Comment 7 mitz 2005-06-11 14:16:59 PDT
(In reply to comment #5)
> Arabic also has problems. Where 12345 represents arabic characters as encoded in the bytestream, I 
see:
> 
> <p dir="rtl">(12345)</p>
> 
> come out as:
> 
>                                                                       )(54321
> 
> This is not related to Arial Unicode MS as the font used is Geeza Pro.

I can reproduce this with the latest shipping Safari but not with the latest CVS version (which includes a 
fix for paragraphs beginning with neutrals). What do you get when the paragraph doesn't begin with a 
neutral, e.g.
<p dir="rtl">12 (345) 67</p>
?
Comment 8 mitz 2005-07-02 09:37:14 PDT
Analysis:

ATSUI is supposed to handle mirroring, but it does so only if the font's glyph properties table ('prop') 
contains the mirrored glyph information. Thus mirroring doesn't happen with fonts that don't have that 
information in their 'prop' (or don't have a 'prop' at all), and when ATSUI uses a fallback font, but the 
original font doesn't have mirroring information.

There seems to be no way (short of looking at the 'prop' table) of finding out what ATSUI is going to do 
with mirrored characters. However, there is a way to force ATSUI to never mirror, and then 
WebTextRenderer could always mirror (like it does for CG).

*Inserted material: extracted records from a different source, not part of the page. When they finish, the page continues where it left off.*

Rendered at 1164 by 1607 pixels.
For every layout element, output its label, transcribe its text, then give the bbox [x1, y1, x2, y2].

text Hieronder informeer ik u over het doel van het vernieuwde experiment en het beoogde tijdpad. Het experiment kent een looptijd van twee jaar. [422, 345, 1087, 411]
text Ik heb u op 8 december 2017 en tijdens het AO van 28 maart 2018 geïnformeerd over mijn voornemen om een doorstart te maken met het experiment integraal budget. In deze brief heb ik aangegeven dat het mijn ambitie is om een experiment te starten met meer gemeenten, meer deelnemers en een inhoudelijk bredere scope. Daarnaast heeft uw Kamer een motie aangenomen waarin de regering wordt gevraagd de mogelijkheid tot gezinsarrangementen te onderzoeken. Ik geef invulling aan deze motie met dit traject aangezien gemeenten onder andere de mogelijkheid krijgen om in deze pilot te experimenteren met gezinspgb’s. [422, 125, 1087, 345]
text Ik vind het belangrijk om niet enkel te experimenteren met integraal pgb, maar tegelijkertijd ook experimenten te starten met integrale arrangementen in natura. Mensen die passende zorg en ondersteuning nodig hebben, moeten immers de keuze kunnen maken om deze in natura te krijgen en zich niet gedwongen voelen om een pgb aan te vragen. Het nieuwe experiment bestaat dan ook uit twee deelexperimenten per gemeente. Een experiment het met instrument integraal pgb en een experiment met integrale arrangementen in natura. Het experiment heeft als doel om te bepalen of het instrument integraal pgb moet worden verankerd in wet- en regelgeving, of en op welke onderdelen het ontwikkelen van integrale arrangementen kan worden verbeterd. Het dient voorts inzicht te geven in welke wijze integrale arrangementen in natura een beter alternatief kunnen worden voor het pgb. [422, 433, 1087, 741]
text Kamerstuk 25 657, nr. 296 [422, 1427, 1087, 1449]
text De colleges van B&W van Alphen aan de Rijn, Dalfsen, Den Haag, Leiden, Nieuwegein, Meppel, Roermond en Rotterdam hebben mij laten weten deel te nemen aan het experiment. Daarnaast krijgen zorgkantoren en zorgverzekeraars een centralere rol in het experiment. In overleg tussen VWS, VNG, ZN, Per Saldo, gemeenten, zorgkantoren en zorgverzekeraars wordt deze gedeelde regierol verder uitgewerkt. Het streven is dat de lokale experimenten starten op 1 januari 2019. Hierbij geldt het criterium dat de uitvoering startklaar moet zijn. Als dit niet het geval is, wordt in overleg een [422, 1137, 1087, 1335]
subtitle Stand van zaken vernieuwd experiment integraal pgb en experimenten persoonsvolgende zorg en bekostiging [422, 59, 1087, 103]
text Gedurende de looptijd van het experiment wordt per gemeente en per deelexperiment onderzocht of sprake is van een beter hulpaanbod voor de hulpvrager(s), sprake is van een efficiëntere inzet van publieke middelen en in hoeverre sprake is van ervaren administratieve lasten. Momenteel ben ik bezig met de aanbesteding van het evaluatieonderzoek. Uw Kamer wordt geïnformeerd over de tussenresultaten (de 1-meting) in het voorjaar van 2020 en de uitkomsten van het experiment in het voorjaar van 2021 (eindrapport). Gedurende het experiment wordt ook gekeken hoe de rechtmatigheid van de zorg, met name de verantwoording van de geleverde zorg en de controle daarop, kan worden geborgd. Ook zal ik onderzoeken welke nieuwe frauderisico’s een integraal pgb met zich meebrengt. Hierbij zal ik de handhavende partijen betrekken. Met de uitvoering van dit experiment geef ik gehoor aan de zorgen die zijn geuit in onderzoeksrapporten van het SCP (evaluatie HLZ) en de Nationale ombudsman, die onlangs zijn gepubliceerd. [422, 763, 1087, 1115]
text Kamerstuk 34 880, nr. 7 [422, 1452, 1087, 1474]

This can be done by reversing the RTL text 
run and prepending an LRE prior to passing to ATSUI, and not to setting the ATSUI line direction to RTL.

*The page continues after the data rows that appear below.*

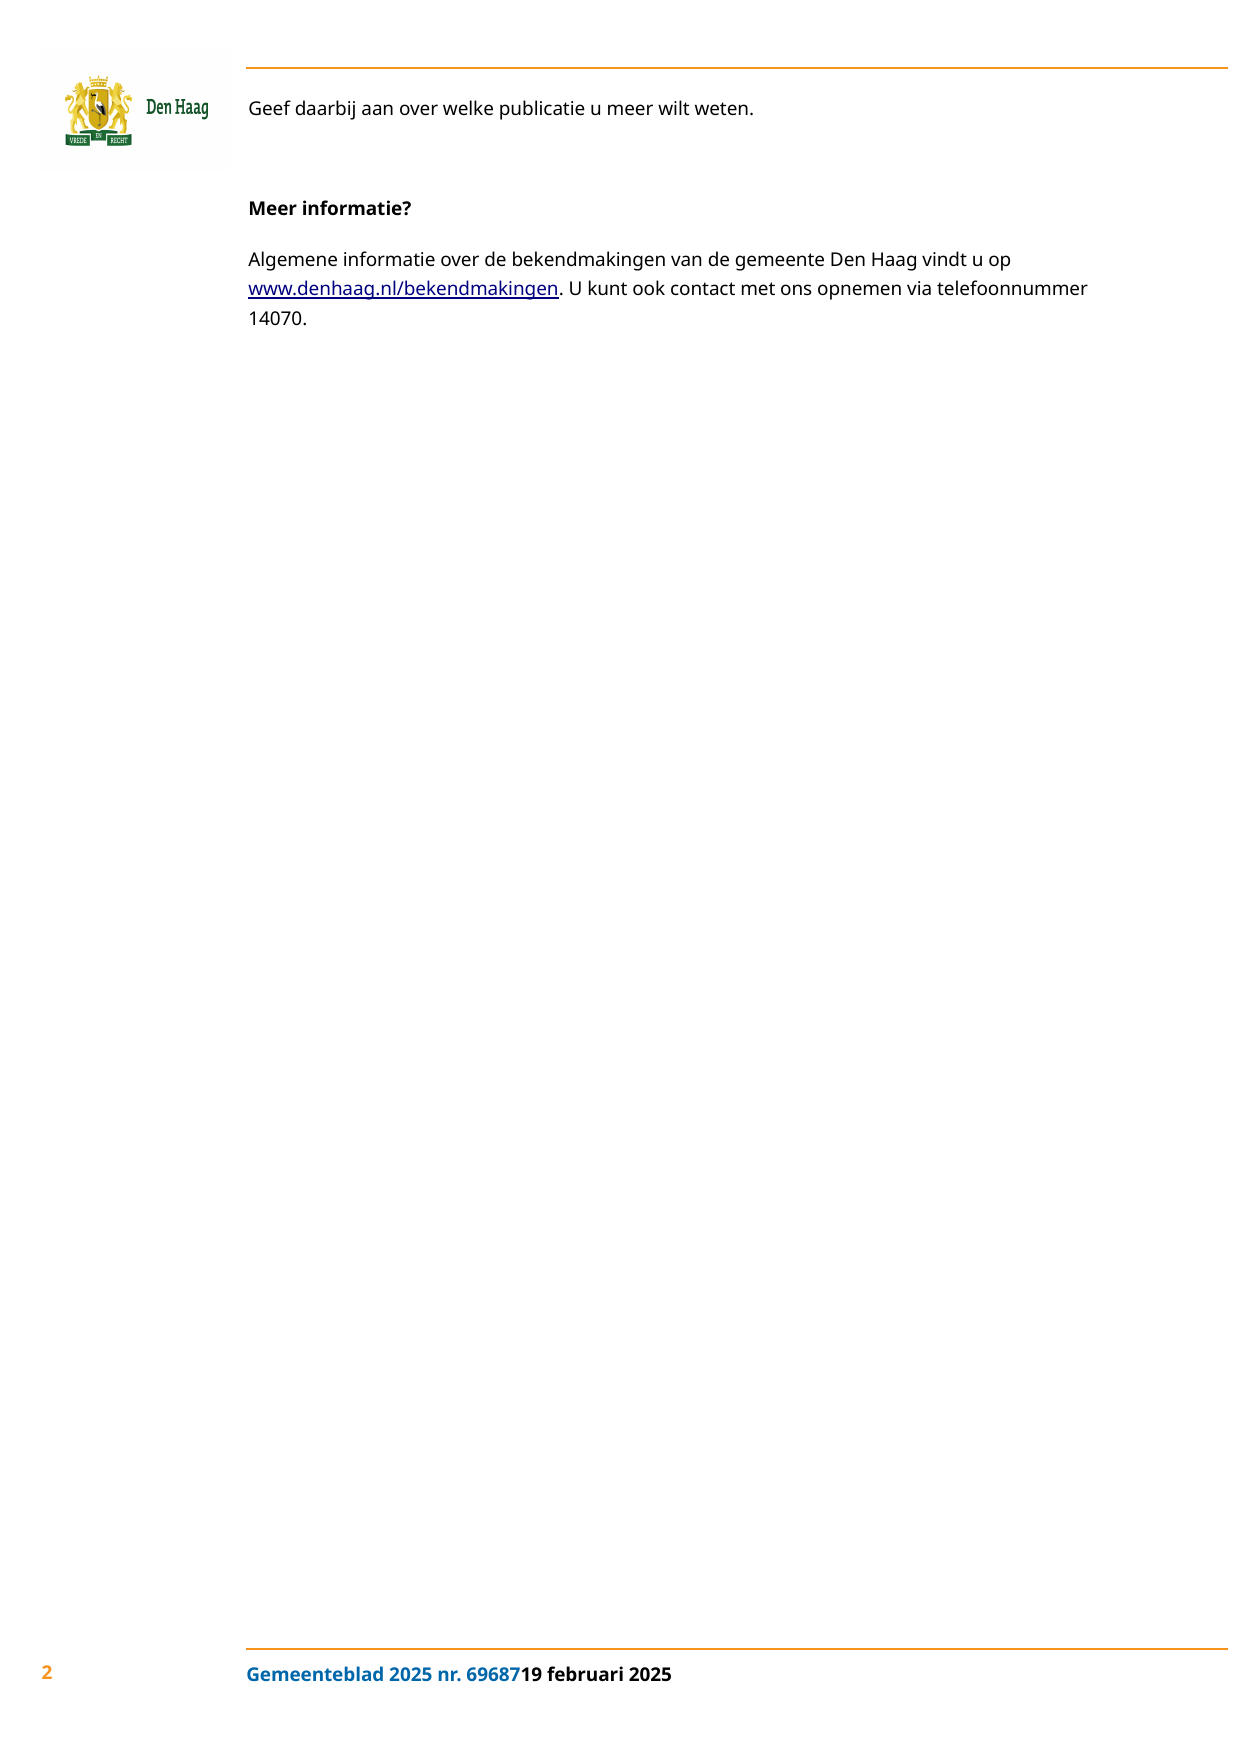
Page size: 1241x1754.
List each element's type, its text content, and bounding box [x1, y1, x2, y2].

text Geef daarbij aan over welke publicatie u meer wilt weten. [248, 95, 1152, 121]
picture [41, 47, 231, 172]
text Algemene informatie over de bekendmakingen van de gemeente Den Haag vindt u op www.denhaag.nl/bekendmakingen. U kunt ook contact met ons opnemen via telefoonnummer 14070. [248, 246, 1152, 331]
text Meer informatie? [248, 196, 1152, 221]

Another option is to drop ATSUI altogether for Hebrew (I don't know about Arabic) and use CG. This 
would solve other issues with Hebrew (such as poor choice of fallback fonts and no support for text 
justification, letter spacing and word spacing).
Comment 9 mitz 2005-07-03 12:12:47 PDT
Created attachment 2774 [details]
Proposed patch

This patch tries to guess whether ATSUI will perform mirroring or not, based on
the existence of a 'prop' table for the font, and applies mirroring itself it
ATSUI will not.
Comment 10 Maciej Stachowiak 2005-07-07 21:37:25 PDT
Comment on attachment 2774 [details]
Proposed patch

r=me

Make sure to add the test case to layout tests when landing.
Comment 11 Geoffrey Garen 2005-07-12 10:26:51 PDT
Created attachment 2927 [details]
layout test

The old test lacked a font declaration, so it wasn't guaranteed to fail.
Comment 12 Adele Peterson 2005-08-19 14:07:30 PDT
using <rdar://problem/4215911> to track this.